The spin–lattice relaxation rates R₁(ω) for ¹H (cations) and ¹⁹F (anions) were measured as a function of the Larmor frequency. Corresponding NMR dispersion profiles are presented in Fig. 2(a) and (b) for [TEA][NTf₂] and in Fig. 2(c) and (d) for [C₅Py][NTf₂]. Two distinct temperature-dependent trends can be observed. First, the relaxations rates decrease in amplitude and dispersion with increasing temperature, and second, the ¹⁹F NMRD profiles display greater dispersion compared to ¹H data at the same temperature.

Fig. 2 Temperature dependent NMRD profiles for ¹ H (a) and (c) plotted as circles and ¹⁹ F (b) and (d) plotted as diamonds in the ionic liquids [TEA][NTf₂] (a) and (b) and [C₅Py][NTf₂] (c) and (d). The solid lines correspond to the model fits according to eqn (1), (5), (9) and (12) for [TEA][NTf₂] as well as to eqn (1), (6), (9) and (12) for [C₅Py][NTf₂].

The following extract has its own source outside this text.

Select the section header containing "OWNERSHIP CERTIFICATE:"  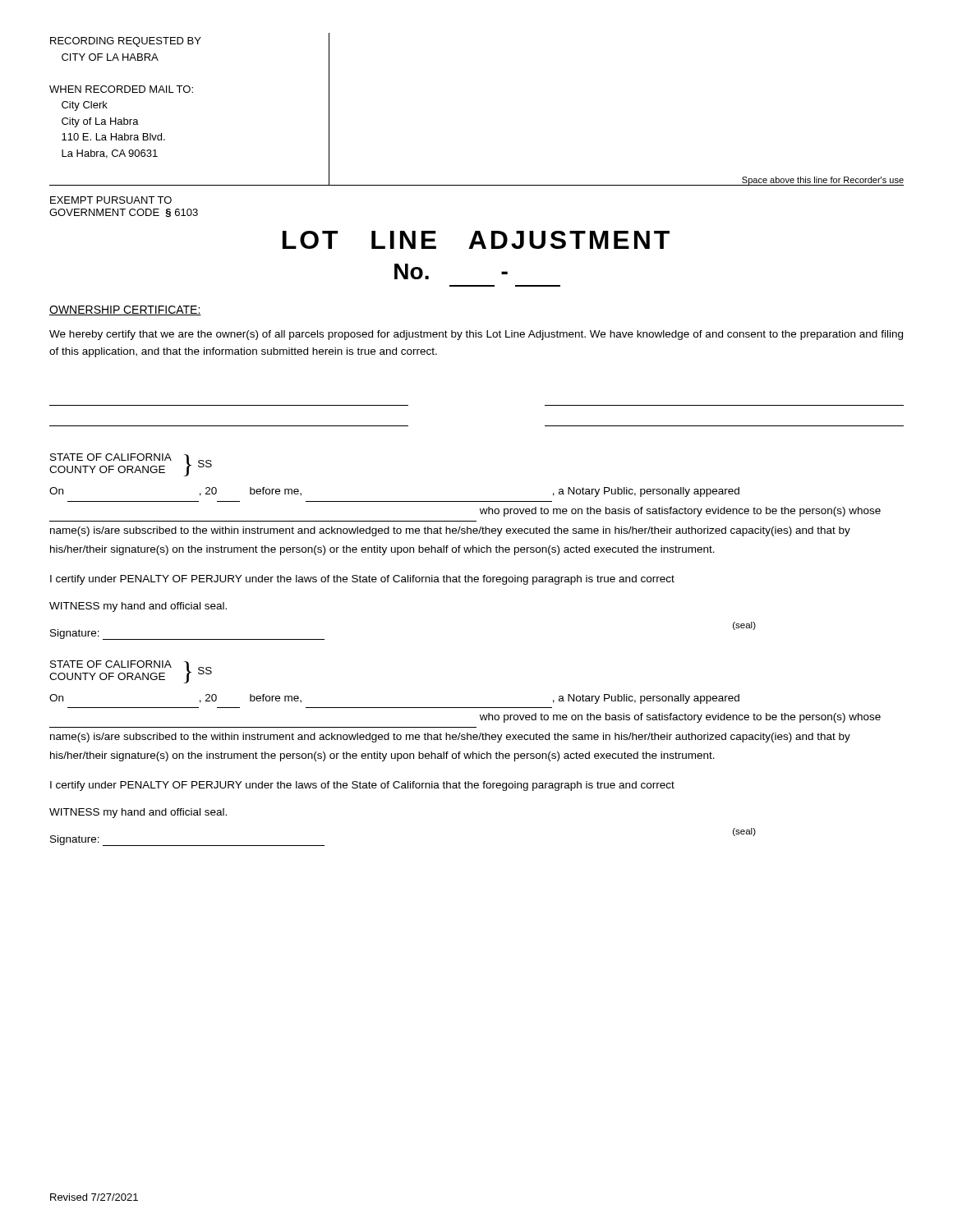click(125, 310)

For further analysis, these total relaxation rates were dissected into homonuclear intramolecular contributions according to eqn (2) as well as homo- and heteronuclear intermolecular contributions according to eqn (3) and (4) or their respective fluorine-based equivalents. A detailed description of the fitting procedure is provided in Section S4 of the ESI.† For each IL the data of ¹H and ¹⁹F were fitted simultaneously across all temperatures, yielding an excellent agreement between experimental and fitted values. A representative example of the dissected total relaxation rates can be found for [C₅Py][NTf₂] at 263 K in Fig. 3. For the [C₅Py]⁺ cation the relaxation process is primarily driven by the intermolecular ¹H–¹H interactions, followed by intramolecular ¹H–¹H contributions, and then by intermolecular ¹H–¹⁹F contributions. For the [NTf₂]⁻ anion, the intermolecular ¹⁹F–¹H interaction is the dominant contribution, followed by the intermolecular ¹⁹F–¹⁹F interaction, and the intramolecular ¹⁹F–¹⁹F interaction. These sequences are consistent with the spin densities of the nuclei. Since the ¹H spin density N_H is higher by a factor of 2.7 compared to the ¹⁹F spin density N_F (see Table S1 of the ESI†), a lower ¹H–¹⁹F heteronuclear contribution compared to the homonuclear ¹H–¹H contribution in cations is reasonable. Conversely, in the [NTf₂]⁻ anion the intermolecular ¹⁹F–¹H contribution is dominant, followed by the intermolecular ¹⁹F–¹⁹F contribution and the intramolecular ¹⁹F–¹⁹F. Due to the reduced spin densities, the homonuclear contribution now contributes less to the overall rate. It is important to emphasize that, in contrast to many studies in the literature, our approach explicitly accounts for heteronuclear interactions. Both intermolecular ¹H–¹⁹F as well as intermolecular ¹⁹F–¹H interactions significantly contribute to the overall spin–lattice relaxation rates. In a previous study,⁶⁶ we highlighted the importance of these heteronuclear interactions for a comprehensive evaluation of IL dynamics. The dissected total relaxation rates of [TEA][NTf₂] and [C₅Py][NTf₂] for both nuclei and all temperatures can be found in Fig. S1–S4 in the ESI.† The trends previously discussed are consistently observed in all the figures. Furthermore, it is evident that the relative contribution of intramolecular relaxation decreases with increasing temperature, independent of the nucleus or the specific IL.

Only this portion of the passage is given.